Ubisoft and AI21 Labs share a common vision: create tools to automate tedious tasks so writers can focus on creative pursuits.  

“Our writers do excellent work. We want to assist them with whatever tools and models that we can.” says Swanson. AI21 Labs’s Wordtune has a similar philosophy. This vision and passion for the possibilities of human-machine collaborative writing stood out to Ubisoft in their search for a reliable large language model. 

“We’ve been leading towards AI21 Labs because we’ve had positive internal reviews from team members who’ve worked with AI21 Labs previously.”

Also, Ubisoft utilized AI21 Labs’s vanilla model from the get-go. Very often, with LLMs, companies need a lot of customization and fine-tuning, but AI21’s model was a perfect fit for Ubisoft’s data augmentation needs. The intuitive API made the integration even easier. 

Finally, AI21 went the extra mile by ironing out legal compliance issues that have been a point of contention in other LLM partnerships.

With a model-usage fit and shared values, Ubisoft set out to enhance their game-creation process with AI21. 

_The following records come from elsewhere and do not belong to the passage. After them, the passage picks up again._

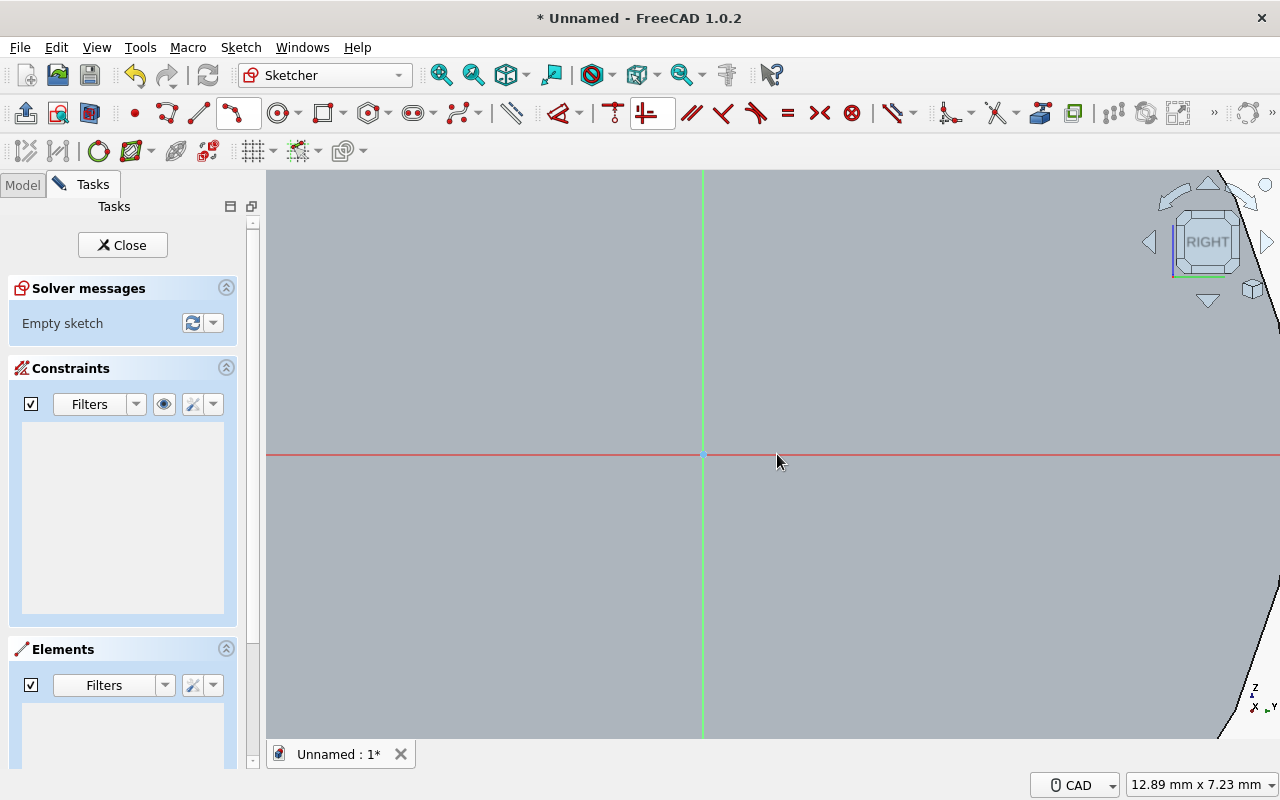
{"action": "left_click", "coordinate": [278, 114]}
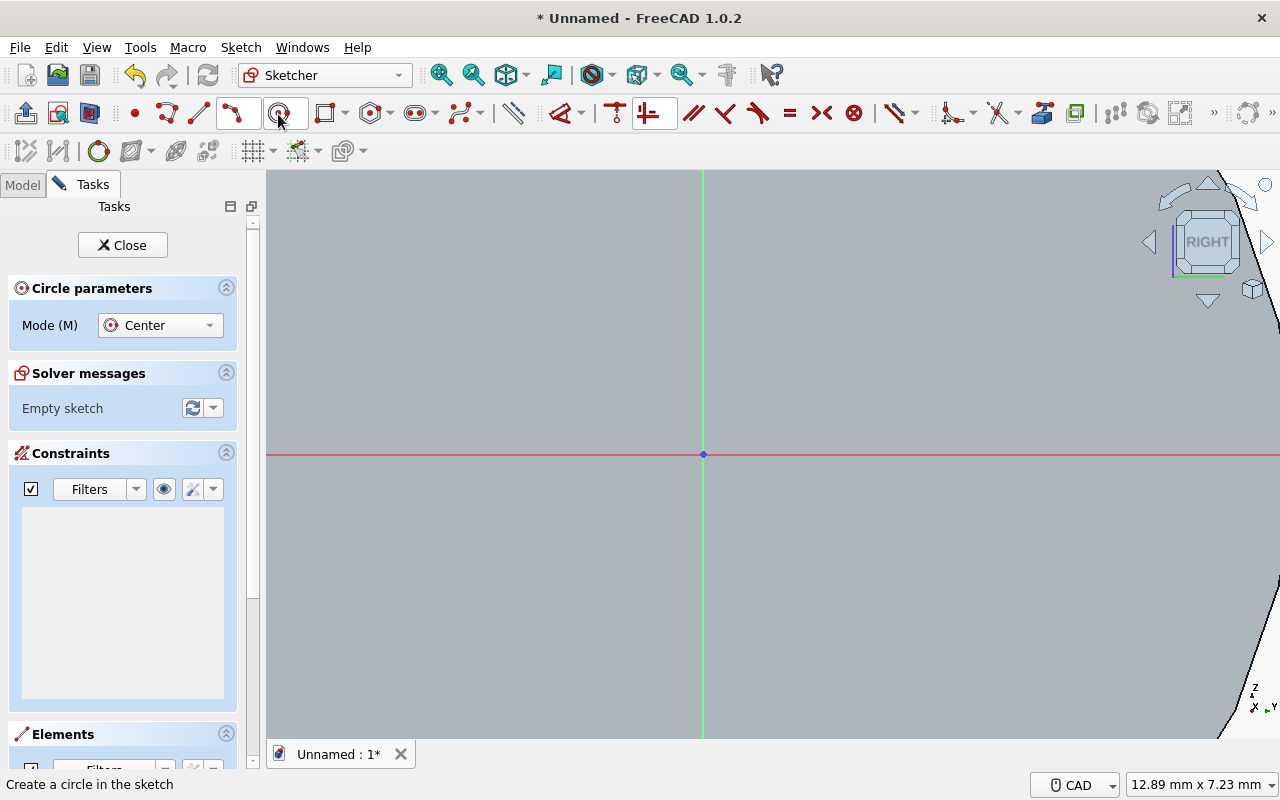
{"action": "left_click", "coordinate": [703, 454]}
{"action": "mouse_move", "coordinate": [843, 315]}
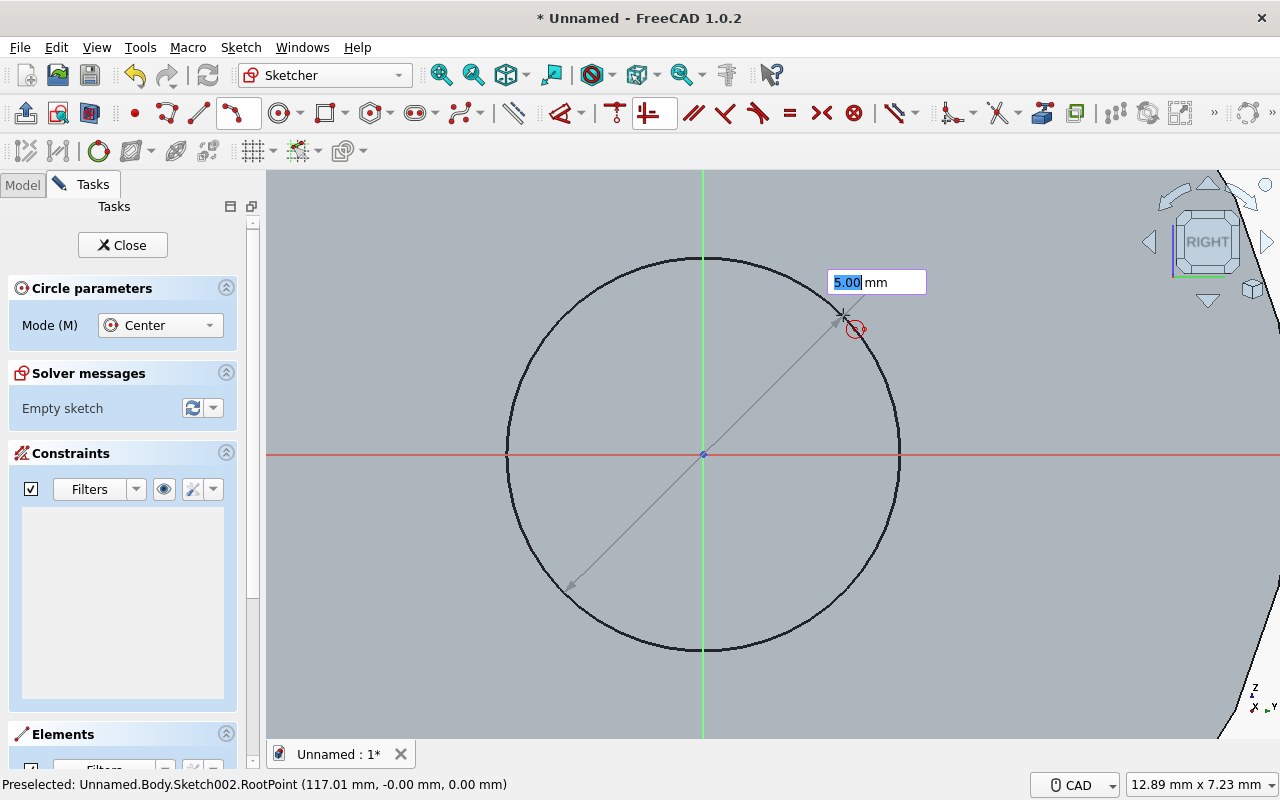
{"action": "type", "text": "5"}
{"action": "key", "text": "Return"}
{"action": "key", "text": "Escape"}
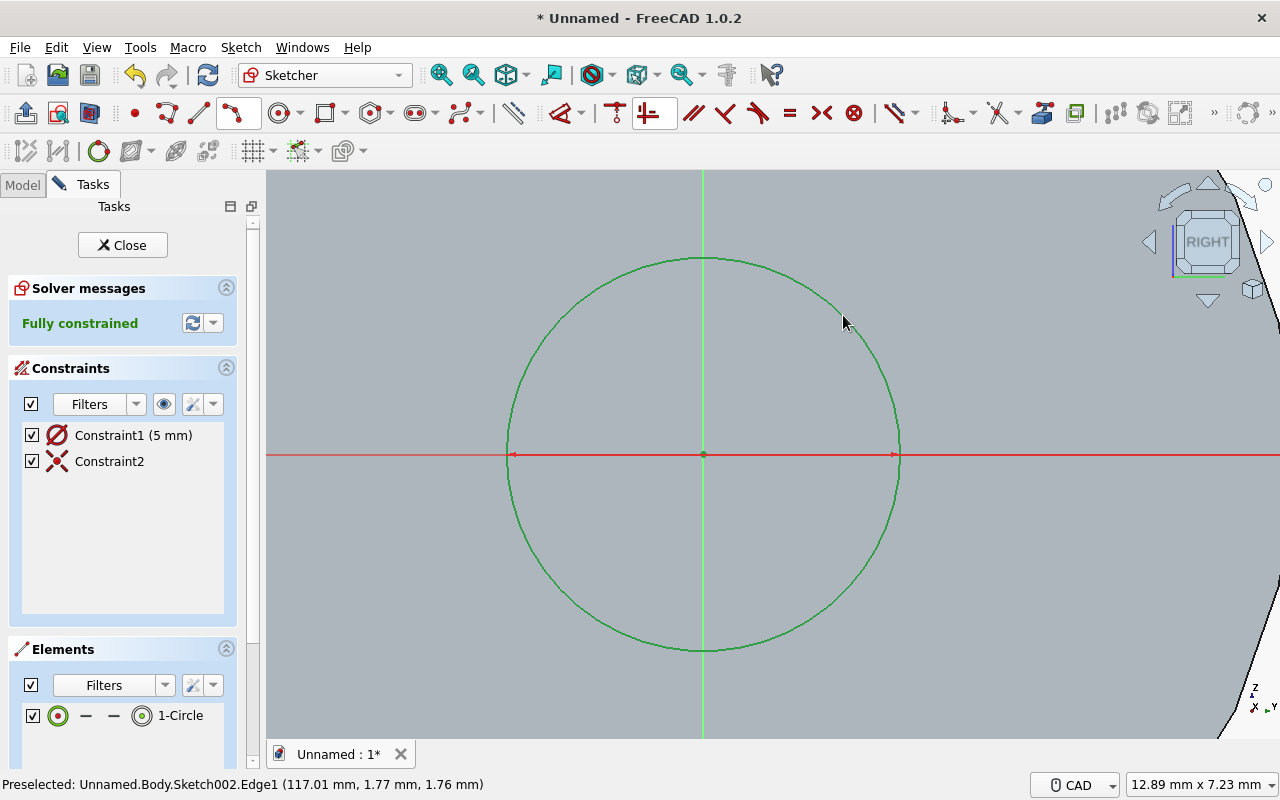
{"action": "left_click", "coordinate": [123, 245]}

The first challenge: repetitive manual work for video game writers

One of the many different tasks that goes into scriptwriting is writing bark trees which are standalone NPC lines that require as many variations as possible (and allowed by the voiceover budget). Each of these groups of variations can be seen as responses to a shared motivation.

For example, if the motivation is hunger, the character might say “let’s order pizza.” 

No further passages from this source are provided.